If you're referring to the "advice" section, then let me point out that he
wisely uses the word "prefer" and not "always". In certain cases, favoring
preincrement leads to awkward code that isn't necessarily more efficient.
If you're going to wind up writing

SomeIterator tmp(i);
++i;
doSomething(tmp);
// no other usage of tmp after this

then you might as well write

doSomething( i++ );

This type of code most often occurs when iterating over certain containers
and erasing elements as you go.

--
David Hilsee

"Pedro Miguel Carvalho" <Pe********@sapo.pt> wrote in message
news:41***********************@news.telepac.pt...
<snip>

I understand why foo++ must return a copy of the old value if it is executed at the beginning of the statement.
For example
bar( ++I );
is equivalent to
++I;
bar( I );
and
bar( I++ );
is equivalent to (J is temporary)
J = I++;
bar( J );
My question is why not evaluate I++ after bar() like this
Make
bar( I++ );
equivalent to
bar( I );
I++;

Of course, all this was decided long ago and nothing will be changed now.

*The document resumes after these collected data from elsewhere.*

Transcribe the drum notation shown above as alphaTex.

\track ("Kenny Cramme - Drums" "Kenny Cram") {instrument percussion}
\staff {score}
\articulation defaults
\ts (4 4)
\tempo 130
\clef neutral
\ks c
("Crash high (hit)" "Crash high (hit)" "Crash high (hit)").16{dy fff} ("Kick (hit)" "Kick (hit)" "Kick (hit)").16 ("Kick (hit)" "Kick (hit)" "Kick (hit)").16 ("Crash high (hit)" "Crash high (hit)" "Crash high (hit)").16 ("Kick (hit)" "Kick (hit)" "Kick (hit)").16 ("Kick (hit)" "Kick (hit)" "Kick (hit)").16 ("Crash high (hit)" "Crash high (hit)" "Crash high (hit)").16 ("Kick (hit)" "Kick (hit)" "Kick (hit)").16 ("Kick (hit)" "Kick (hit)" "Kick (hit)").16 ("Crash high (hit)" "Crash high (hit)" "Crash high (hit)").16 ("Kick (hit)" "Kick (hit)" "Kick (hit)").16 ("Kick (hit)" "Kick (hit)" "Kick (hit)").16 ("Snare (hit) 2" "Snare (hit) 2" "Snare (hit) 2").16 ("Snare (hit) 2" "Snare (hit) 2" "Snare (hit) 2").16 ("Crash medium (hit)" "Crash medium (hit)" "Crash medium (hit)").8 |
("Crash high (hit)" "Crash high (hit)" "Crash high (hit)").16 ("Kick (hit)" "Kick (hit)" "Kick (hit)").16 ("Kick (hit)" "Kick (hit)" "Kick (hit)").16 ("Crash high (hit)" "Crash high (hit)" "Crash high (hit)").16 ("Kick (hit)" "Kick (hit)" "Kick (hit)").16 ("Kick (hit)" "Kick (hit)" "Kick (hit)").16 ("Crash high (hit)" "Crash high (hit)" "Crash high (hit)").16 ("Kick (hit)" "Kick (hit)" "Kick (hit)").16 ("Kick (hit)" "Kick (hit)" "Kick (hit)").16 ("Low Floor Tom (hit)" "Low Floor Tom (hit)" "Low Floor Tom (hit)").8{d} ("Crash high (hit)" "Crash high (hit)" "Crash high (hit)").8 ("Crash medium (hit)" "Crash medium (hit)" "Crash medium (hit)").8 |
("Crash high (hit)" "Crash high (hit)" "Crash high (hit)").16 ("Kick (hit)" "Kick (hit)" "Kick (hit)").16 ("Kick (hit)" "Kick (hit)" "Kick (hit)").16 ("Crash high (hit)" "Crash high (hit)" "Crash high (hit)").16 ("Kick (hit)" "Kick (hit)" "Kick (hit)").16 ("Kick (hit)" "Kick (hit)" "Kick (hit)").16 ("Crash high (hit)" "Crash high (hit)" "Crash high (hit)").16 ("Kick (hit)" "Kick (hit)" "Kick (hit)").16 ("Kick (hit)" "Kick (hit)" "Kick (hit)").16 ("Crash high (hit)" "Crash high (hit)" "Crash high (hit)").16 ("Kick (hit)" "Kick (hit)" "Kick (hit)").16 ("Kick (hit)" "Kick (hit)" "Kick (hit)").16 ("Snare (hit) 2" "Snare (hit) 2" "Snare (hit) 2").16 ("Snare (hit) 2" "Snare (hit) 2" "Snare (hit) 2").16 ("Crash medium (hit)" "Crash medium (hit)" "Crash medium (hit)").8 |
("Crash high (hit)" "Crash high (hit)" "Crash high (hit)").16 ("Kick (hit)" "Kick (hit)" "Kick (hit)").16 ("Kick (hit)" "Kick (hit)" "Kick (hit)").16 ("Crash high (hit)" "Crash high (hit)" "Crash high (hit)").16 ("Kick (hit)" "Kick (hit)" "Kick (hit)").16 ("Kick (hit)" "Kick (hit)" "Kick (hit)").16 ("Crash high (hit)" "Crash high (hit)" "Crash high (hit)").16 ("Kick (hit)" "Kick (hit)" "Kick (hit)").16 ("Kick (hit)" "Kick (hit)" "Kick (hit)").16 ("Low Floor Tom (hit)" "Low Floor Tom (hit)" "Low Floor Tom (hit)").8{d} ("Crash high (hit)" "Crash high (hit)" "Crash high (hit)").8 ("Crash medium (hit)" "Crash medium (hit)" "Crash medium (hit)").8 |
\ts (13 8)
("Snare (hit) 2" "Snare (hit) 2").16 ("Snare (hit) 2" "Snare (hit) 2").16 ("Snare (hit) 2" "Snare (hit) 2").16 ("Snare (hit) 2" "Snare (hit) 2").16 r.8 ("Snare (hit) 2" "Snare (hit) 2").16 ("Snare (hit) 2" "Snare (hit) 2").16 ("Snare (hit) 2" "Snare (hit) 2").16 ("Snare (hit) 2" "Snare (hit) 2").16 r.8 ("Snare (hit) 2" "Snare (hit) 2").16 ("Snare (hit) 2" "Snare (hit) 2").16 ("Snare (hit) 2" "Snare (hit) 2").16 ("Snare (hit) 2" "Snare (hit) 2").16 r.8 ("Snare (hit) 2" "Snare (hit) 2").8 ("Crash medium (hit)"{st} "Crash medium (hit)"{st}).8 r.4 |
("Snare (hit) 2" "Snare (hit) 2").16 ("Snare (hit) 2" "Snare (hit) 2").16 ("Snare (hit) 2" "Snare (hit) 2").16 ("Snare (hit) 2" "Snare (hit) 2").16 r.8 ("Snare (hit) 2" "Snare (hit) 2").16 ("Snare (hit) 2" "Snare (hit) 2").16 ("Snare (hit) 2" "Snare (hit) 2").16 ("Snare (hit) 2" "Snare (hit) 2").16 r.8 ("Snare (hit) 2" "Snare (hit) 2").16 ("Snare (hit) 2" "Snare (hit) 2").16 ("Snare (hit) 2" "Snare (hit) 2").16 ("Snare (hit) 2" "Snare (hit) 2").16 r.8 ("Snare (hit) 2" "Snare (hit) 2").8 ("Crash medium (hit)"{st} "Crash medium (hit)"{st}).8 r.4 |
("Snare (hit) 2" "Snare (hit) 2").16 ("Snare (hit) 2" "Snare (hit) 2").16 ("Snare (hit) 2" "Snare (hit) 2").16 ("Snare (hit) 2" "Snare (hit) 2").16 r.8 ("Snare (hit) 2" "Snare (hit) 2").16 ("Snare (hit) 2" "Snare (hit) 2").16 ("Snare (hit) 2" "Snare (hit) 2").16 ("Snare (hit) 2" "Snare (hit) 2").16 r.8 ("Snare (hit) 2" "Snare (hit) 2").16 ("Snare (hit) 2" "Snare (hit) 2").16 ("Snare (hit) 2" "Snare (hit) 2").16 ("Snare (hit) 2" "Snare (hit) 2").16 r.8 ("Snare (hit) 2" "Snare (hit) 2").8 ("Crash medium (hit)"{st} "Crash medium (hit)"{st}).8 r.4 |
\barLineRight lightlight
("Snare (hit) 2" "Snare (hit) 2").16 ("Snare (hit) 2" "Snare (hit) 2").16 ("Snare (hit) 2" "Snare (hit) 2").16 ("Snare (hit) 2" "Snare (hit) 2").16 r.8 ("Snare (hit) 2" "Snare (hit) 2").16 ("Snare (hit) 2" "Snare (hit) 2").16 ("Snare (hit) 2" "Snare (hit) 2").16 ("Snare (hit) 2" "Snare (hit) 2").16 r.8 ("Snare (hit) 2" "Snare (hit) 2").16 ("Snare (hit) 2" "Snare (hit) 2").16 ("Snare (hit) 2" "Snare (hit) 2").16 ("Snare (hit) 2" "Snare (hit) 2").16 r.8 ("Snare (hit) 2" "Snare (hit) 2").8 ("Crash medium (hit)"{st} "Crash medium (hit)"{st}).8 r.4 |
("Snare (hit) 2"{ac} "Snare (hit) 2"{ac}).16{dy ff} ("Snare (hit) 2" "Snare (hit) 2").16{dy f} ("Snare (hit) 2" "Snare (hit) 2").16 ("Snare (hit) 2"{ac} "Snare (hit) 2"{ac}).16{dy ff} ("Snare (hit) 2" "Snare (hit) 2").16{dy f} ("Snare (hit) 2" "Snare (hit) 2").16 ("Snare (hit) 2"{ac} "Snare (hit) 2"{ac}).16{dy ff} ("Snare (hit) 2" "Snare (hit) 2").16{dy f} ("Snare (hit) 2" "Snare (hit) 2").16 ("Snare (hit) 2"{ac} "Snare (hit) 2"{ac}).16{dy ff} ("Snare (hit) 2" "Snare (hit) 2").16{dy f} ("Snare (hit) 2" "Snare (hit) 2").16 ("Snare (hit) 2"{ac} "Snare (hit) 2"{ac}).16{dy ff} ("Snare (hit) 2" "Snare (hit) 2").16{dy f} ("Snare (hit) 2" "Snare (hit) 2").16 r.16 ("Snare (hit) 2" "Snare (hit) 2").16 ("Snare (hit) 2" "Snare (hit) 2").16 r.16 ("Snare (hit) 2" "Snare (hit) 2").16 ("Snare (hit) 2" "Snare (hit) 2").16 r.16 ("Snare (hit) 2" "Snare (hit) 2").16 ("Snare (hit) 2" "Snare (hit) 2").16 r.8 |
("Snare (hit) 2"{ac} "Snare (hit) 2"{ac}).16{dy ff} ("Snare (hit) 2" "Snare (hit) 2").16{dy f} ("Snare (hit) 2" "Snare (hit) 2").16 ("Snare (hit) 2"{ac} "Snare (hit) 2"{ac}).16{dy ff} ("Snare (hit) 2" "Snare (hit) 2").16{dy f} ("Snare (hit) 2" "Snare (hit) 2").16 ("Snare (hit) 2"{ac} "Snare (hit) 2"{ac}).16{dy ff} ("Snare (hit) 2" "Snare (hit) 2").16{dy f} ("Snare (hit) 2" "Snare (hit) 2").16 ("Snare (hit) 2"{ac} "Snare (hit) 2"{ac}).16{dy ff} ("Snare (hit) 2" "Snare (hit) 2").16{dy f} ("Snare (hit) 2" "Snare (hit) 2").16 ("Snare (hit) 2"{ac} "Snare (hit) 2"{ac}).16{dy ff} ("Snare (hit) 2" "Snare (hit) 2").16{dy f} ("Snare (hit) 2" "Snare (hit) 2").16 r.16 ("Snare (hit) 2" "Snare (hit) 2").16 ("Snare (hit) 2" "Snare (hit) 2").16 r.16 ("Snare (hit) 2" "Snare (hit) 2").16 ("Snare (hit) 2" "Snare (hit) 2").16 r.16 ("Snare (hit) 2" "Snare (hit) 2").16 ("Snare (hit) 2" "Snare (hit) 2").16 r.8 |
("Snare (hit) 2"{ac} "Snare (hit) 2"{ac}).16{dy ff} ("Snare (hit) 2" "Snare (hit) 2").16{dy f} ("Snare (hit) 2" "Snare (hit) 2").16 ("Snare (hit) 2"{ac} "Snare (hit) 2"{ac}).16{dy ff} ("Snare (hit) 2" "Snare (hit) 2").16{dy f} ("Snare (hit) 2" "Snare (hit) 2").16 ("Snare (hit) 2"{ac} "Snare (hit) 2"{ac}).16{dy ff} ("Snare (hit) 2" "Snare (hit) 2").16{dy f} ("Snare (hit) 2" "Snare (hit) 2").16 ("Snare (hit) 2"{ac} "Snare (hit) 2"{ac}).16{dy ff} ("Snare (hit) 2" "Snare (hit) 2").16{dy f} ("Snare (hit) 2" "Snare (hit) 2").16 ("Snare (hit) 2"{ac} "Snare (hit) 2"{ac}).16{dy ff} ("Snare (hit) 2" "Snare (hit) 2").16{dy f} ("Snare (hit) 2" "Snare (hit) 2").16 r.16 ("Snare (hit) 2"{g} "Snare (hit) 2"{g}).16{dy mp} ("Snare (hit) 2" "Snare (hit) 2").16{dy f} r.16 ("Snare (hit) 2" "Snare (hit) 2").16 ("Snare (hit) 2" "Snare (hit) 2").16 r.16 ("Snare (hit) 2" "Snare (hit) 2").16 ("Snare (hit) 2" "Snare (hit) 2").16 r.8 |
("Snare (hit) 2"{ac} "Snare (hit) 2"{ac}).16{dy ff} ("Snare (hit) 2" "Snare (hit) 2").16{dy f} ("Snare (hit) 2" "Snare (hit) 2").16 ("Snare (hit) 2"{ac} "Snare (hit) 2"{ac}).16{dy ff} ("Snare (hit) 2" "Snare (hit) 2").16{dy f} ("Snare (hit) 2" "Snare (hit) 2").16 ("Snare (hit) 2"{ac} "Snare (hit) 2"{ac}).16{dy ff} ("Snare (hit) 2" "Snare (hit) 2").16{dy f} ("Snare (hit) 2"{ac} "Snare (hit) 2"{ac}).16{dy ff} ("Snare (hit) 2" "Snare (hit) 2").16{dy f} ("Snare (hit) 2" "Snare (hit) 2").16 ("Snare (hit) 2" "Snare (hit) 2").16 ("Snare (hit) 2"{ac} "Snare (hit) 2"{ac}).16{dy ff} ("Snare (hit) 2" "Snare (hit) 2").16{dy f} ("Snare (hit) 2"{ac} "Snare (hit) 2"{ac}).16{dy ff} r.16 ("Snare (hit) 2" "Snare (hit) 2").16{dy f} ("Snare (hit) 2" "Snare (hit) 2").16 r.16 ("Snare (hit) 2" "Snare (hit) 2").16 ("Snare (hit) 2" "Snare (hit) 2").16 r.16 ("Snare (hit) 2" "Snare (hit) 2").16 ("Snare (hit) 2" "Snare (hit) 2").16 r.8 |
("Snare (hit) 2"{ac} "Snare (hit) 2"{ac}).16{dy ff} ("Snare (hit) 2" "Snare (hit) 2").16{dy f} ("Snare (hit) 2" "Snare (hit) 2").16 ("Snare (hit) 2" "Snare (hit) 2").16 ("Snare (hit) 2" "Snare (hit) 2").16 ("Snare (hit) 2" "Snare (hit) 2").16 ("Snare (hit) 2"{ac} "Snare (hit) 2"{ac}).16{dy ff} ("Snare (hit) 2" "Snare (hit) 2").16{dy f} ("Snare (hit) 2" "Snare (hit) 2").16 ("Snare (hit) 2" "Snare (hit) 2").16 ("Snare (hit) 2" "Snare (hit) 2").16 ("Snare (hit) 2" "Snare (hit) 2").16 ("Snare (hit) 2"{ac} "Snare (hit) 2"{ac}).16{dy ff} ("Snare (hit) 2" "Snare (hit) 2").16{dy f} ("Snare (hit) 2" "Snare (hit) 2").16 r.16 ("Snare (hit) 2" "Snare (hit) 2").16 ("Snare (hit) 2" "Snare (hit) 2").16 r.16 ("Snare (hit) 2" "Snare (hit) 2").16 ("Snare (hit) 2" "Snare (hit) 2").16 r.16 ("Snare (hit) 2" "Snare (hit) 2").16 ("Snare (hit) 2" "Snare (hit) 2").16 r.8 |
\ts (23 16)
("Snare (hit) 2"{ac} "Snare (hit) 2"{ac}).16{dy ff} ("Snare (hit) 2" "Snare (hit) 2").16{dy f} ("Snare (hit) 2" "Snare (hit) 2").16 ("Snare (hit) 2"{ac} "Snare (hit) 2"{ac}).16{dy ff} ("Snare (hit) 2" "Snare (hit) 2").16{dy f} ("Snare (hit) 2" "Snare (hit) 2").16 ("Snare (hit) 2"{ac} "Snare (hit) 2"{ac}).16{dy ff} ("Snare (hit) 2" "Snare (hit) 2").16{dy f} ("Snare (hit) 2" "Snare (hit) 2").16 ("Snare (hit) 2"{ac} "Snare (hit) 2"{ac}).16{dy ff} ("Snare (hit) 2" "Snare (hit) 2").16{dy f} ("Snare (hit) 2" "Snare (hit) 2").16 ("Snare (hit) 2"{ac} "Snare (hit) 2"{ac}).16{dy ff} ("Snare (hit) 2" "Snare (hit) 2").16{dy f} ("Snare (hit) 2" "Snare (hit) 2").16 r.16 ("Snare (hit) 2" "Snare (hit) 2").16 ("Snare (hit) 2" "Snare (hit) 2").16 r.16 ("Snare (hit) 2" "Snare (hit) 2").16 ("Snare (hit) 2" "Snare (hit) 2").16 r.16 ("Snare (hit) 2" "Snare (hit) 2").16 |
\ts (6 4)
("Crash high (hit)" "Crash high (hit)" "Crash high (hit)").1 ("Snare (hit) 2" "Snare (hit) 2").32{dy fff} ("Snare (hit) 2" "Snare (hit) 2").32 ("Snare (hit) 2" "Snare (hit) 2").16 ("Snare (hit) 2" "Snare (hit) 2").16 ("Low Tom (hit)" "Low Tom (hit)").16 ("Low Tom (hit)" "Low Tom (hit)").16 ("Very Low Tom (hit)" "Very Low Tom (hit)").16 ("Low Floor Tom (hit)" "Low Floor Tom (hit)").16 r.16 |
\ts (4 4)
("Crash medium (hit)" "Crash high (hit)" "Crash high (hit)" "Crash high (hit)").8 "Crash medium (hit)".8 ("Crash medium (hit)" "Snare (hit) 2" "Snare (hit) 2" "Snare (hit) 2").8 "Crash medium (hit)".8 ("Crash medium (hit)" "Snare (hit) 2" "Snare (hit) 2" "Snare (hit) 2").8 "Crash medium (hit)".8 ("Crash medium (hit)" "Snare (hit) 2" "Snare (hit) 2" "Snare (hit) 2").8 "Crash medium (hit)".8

That would make the operator behave differently from everything else. When
the programmer writes

bar( doSomething() );

that's supposed to mean that doSomething() executes, and its result is
passed to bar. Making the operator a special case would be confusing, IMHO,
especially if bar could determine the value of I (say, via a pointer). But
yes, all of this was decided long ago.

--
David Hilsee

I couldn't understand the below sentence because I can't tell which of
the below should read u++ - could you fix it as I would really like to
keep my code efficient.

Plus, are you talking about built in types (eg int) or classes here?

On Mon, 27 Sep 2004 12:37:07 +0300, "assaarpa" <re***********@fap.net>
wrotE:

Not necessarily, the architechture could be register starved and ++u might
fit the computation in the ALU registers while ++u might not.